** MATERIAL FOR THE TASK follows **

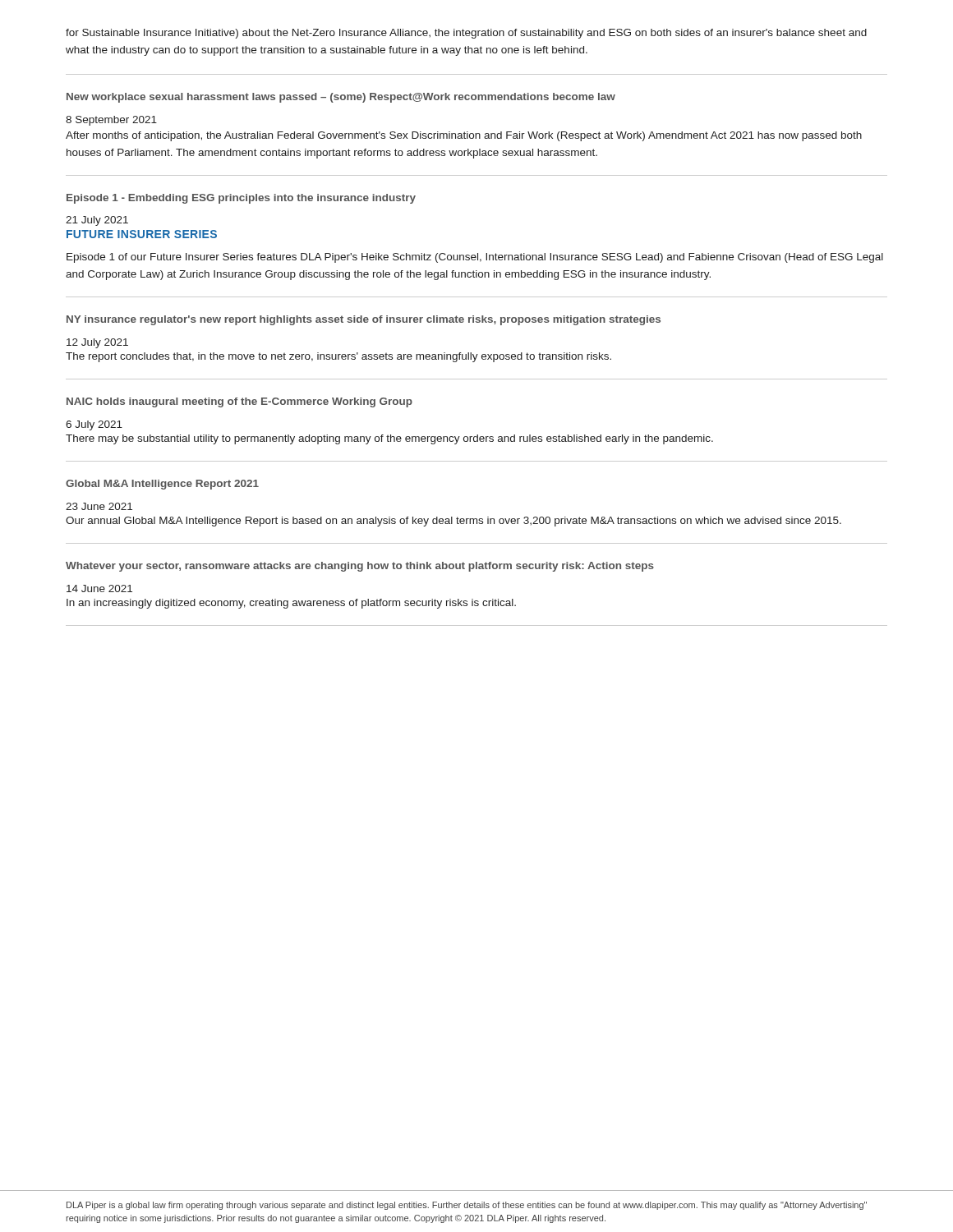Screen dimensions: 1232x953
Task: Select the section header containing "New workplace sexual harassment laws passed – (some)"
Action: coord(340,96)
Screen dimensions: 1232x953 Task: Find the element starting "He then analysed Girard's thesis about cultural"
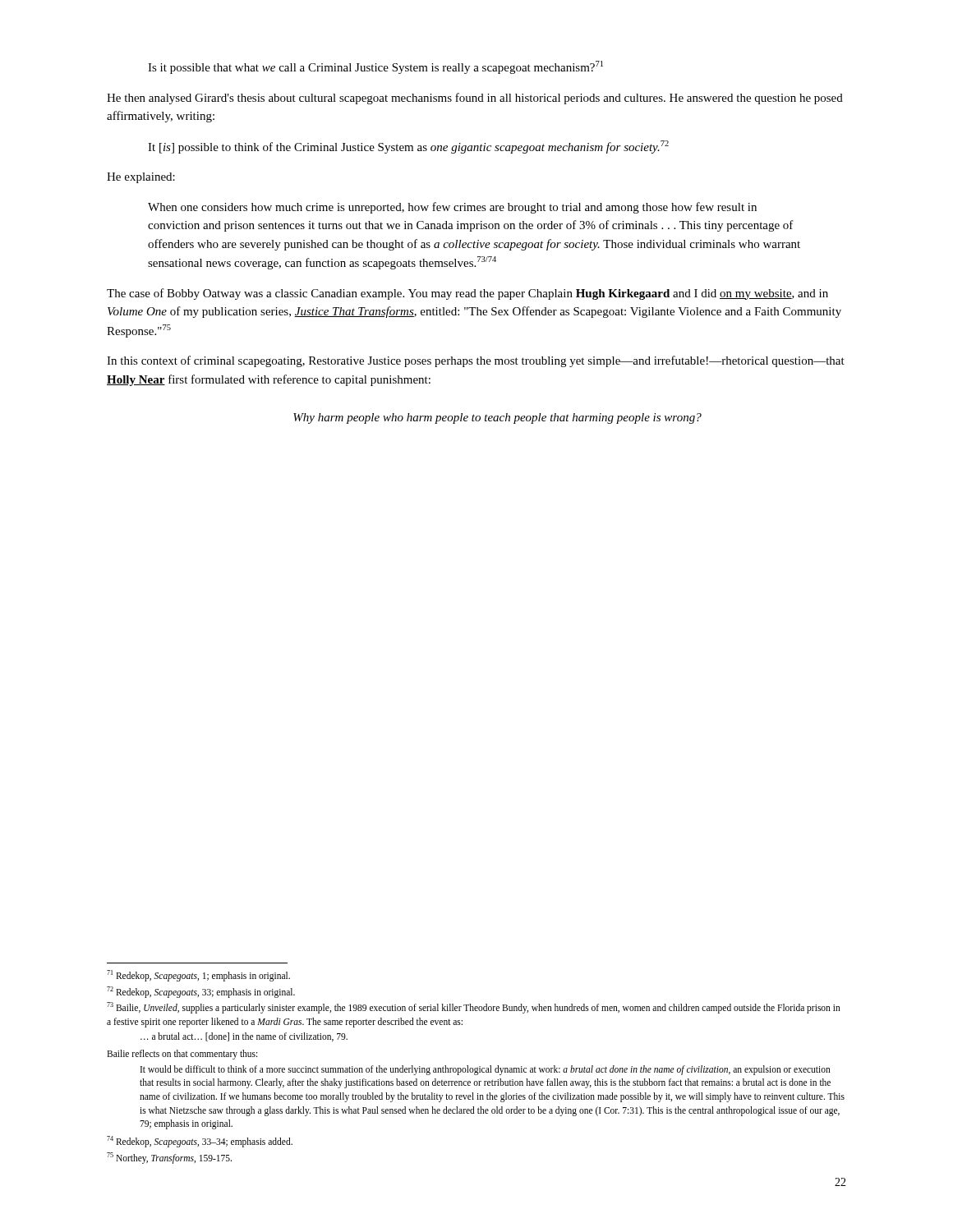coord(475,107)

** End of MATERIAL FOR THE TASK **

From the line that contains "Screen dimensions: 1232x953 Task: Find" to the end of the listing, give every line again exactly as written. Leave the pictures out.

> [ANSWER TO THIS TASK]
Screen dimensions: 1232x953 Task: Find the element starting "He then analysed Girard's thesis about cultural"
coord(475,107)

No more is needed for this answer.